HARBOR CITY, CA
Harbor City is a highly diverse neighborhood in the Harbor region of Los Angeles, California, with a population upward of 36,000 people. Originally part of the Rancho San Pedro Spanish land grant, the Harbor City was brought into Los Angeles as a preliminary step in the larger city's consolidation with the port cities of Wilmington and San Pedro.
The area includes two high schools and seven other schools, as well as the Ken Malloy Harbor Regional and two other parks. There is a Kaiser Permanente hospital as well. Harbor City's percentage of high school graduates is larger than the city's as a whole.

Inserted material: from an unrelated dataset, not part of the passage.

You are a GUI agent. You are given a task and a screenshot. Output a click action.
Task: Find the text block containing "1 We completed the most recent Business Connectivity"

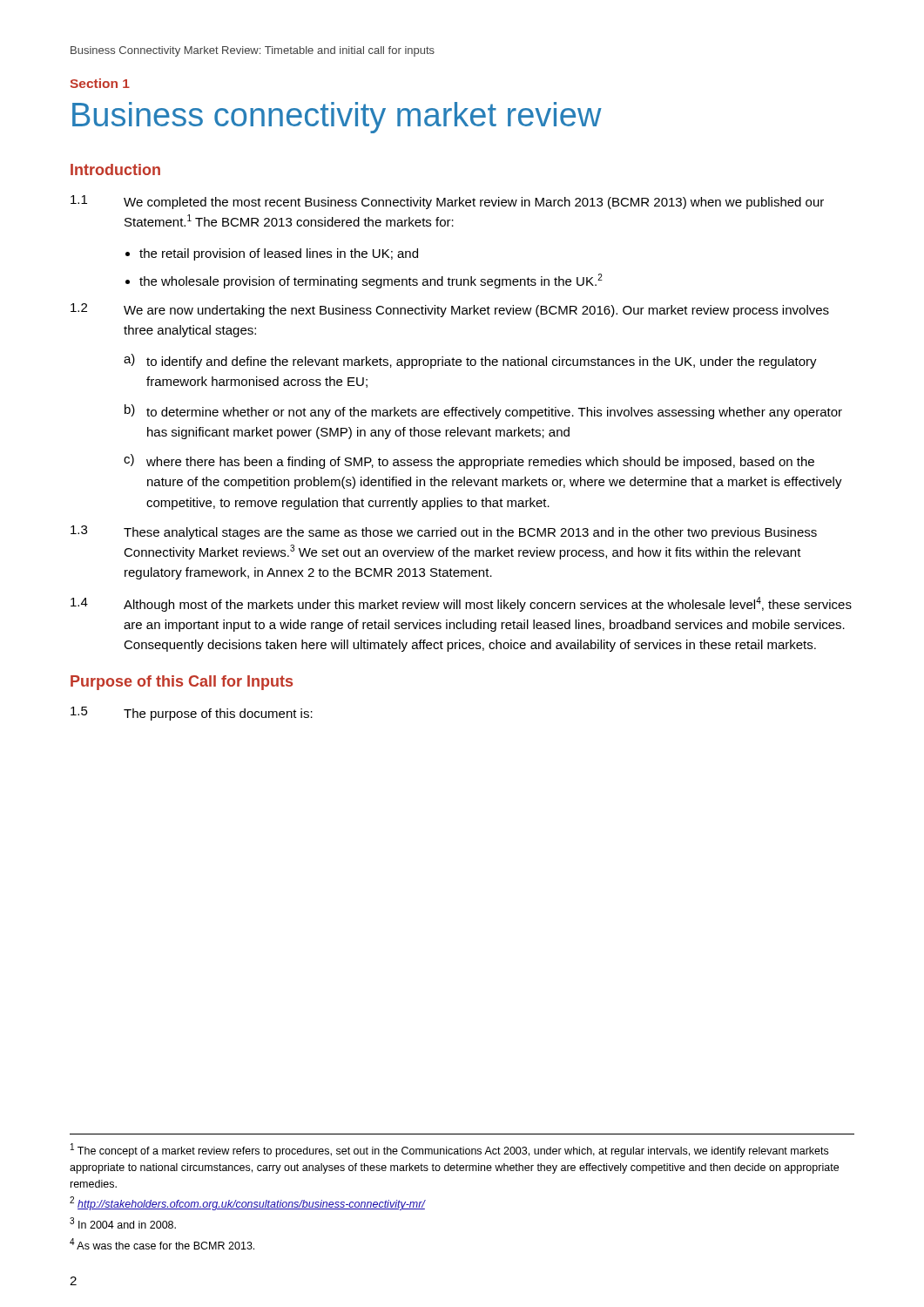(x=447, y=202)

Harbor City is flanked by Harbor Gateway to the north, West Carson and Wilmington to the east, Wilmington and San Pedro to the south and Torrance and Lomita to the west. The neighborhood's boundaries are West Sepulveda Boulevard on the north, Western Avenue and the Harbor Freeway (following the city line with Los Angeles County) on the east, West Anaheim Street and Palos Verdes Drive on the south and the boundary with Lomita and Torrance on the west
Relation of Harbor City to other communities:
A total of 23,561 people lived in Harbor City's 2.58 square miles, according to the 2000 U.S. census—about 9,127 people per square mile, an average population density compared to the city as a whole. Population was estimated at 36,040 in 2008. The median age was 40, also average for Los Angeles. The percentages of people from birth through age 34 were among the county's highest. The percentage of widowed men (7.3%) was among the county's highest.
Harbor City is considered highly diverse ethnically, with a diversity index of 0.674. In 2000 Latinos made up 48.1% of the population, non-Hispanic whites 25.1%, Asians 14.1%, blacks 10.7% and others 2%. Mexico and Korea were the most common places of birth for the 36.2% of the residents who were born abroad, considered an average percentage of foreign-born when compared with the city and the county as a whole.

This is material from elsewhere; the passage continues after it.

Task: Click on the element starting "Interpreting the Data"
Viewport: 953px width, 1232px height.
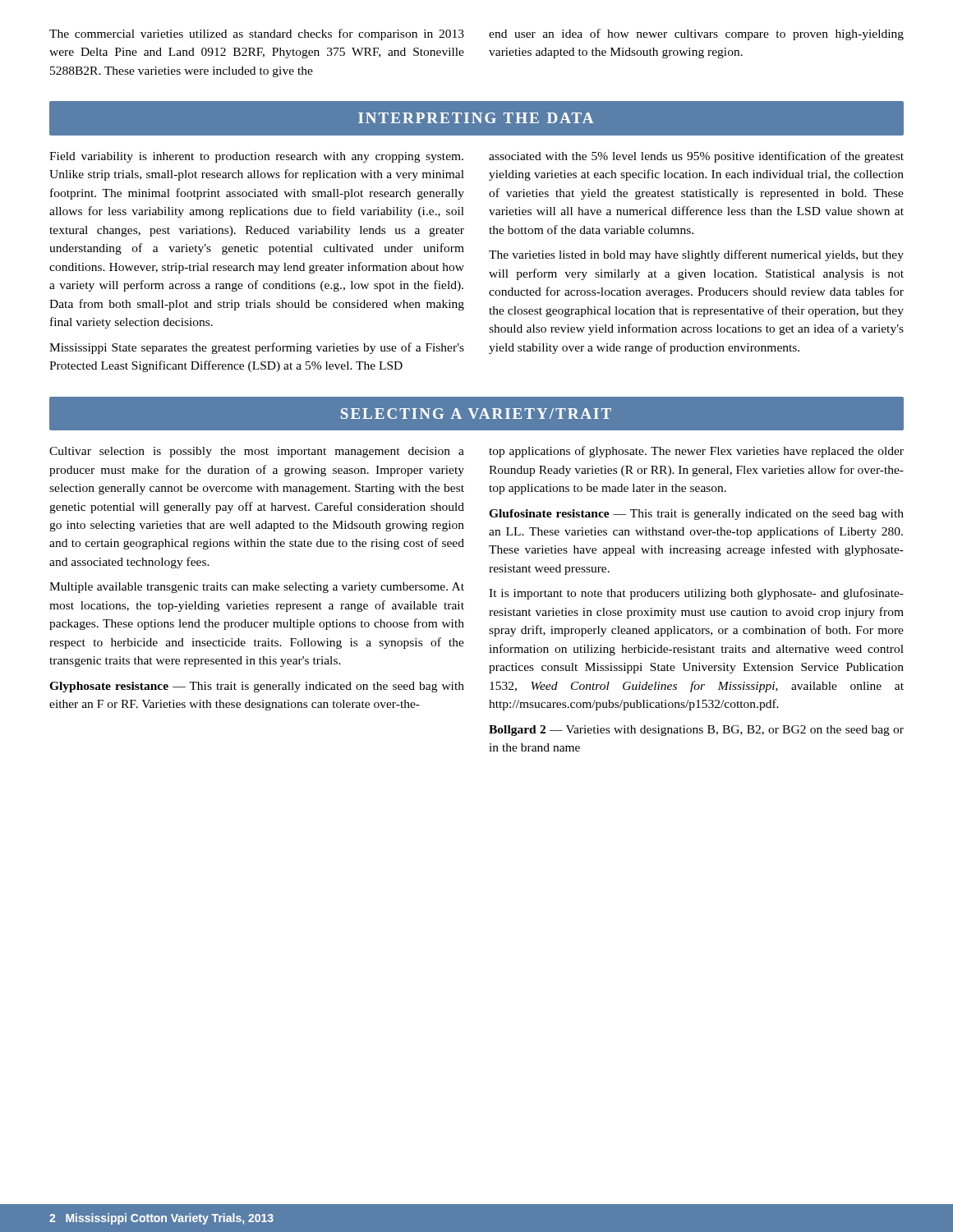Action: 476,118

The $55,454 median household income in 2008 dollars was average for the city. Renters occupied 54.4% of the housing units, and homeowners occupied the rest.
The Los Angeles Basin was the ancestral land of the Tongva–Gabrieleño Native Americans for thousands of years. In other areas of the Los Angeles Basin, archeological sites date back 8,000 to 15,000 years. Their first contact with Europeans was in 1542 with João Cabrilho (Juan Cabrillo), the Portuguese explorer who also was the first to write of them. Shwaanga, a very large Tongva settlement in the Harbor area, was also a departure point for rancherias on the Channel Islands. The water at Machado Lake was so clean that it used to be called "Sweet Water." The Tongva lived in a virtual paradise for thousands of years, with good weather, an abundance of food and water, and plenty of resources. In 1542, the Spanish arrived in the Catalina (Pimu’nga) and San Pedro (Chaawenga, Palos Verdes-Chowiinga) harbor areas.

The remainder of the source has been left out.